What is being asked |
Your answer should consist only of the lines below from the one with "Answer: More than" through the one with "Answer: Oath ceremony", copied exactly.

Task inputs |
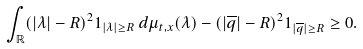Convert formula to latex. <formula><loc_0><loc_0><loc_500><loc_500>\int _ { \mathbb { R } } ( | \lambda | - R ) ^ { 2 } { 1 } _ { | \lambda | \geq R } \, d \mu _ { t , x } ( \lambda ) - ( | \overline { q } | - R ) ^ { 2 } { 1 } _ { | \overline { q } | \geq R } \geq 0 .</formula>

...

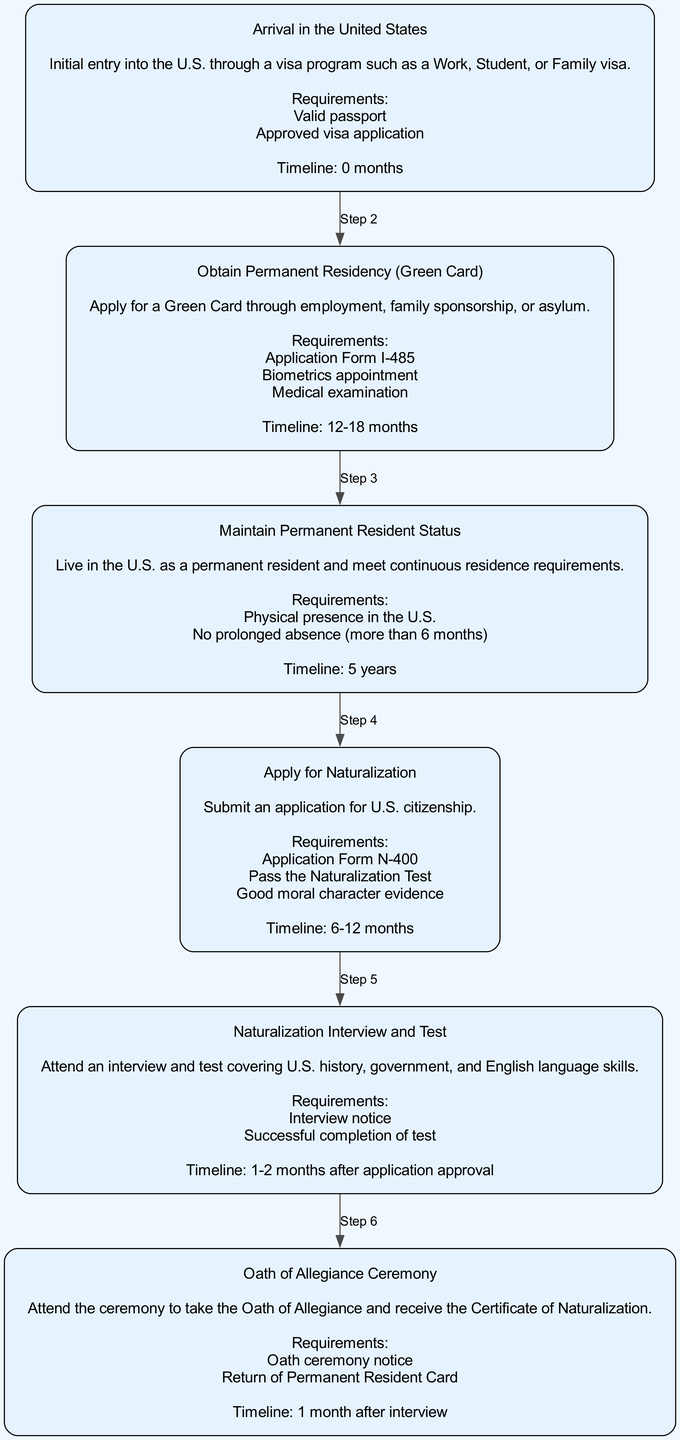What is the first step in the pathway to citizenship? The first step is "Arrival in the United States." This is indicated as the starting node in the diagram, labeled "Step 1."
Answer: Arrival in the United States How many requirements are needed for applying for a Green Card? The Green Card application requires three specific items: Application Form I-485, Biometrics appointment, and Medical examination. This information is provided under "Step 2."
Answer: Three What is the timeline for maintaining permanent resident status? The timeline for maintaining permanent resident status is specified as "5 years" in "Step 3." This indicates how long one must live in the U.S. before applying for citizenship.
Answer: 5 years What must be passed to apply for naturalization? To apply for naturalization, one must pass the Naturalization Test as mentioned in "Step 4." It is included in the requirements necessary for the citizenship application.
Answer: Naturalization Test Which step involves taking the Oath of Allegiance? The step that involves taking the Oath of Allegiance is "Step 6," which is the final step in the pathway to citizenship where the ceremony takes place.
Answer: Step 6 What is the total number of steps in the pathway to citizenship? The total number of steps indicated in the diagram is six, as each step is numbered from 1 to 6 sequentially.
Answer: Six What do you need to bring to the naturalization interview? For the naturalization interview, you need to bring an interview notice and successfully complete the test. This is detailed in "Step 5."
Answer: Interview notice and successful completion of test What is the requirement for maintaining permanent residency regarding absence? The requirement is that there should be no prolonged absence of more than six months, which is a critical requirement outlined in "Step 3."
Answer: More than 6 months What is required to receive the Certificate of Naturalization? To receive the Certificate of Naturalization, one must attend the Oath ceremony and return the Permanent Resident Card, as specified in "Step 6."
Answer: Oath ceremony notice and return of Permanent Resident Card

Answer to this exercise |
Answer: More than 6 months What is required to receive the Certificate of Naturalization? To receive the Certificate of Naturalization, one must attend the Oath ceremony and return the Permanent Resident Card, as specified in "Step 6."
Answer: Oath ceremony notice and return of Permanent Resident Card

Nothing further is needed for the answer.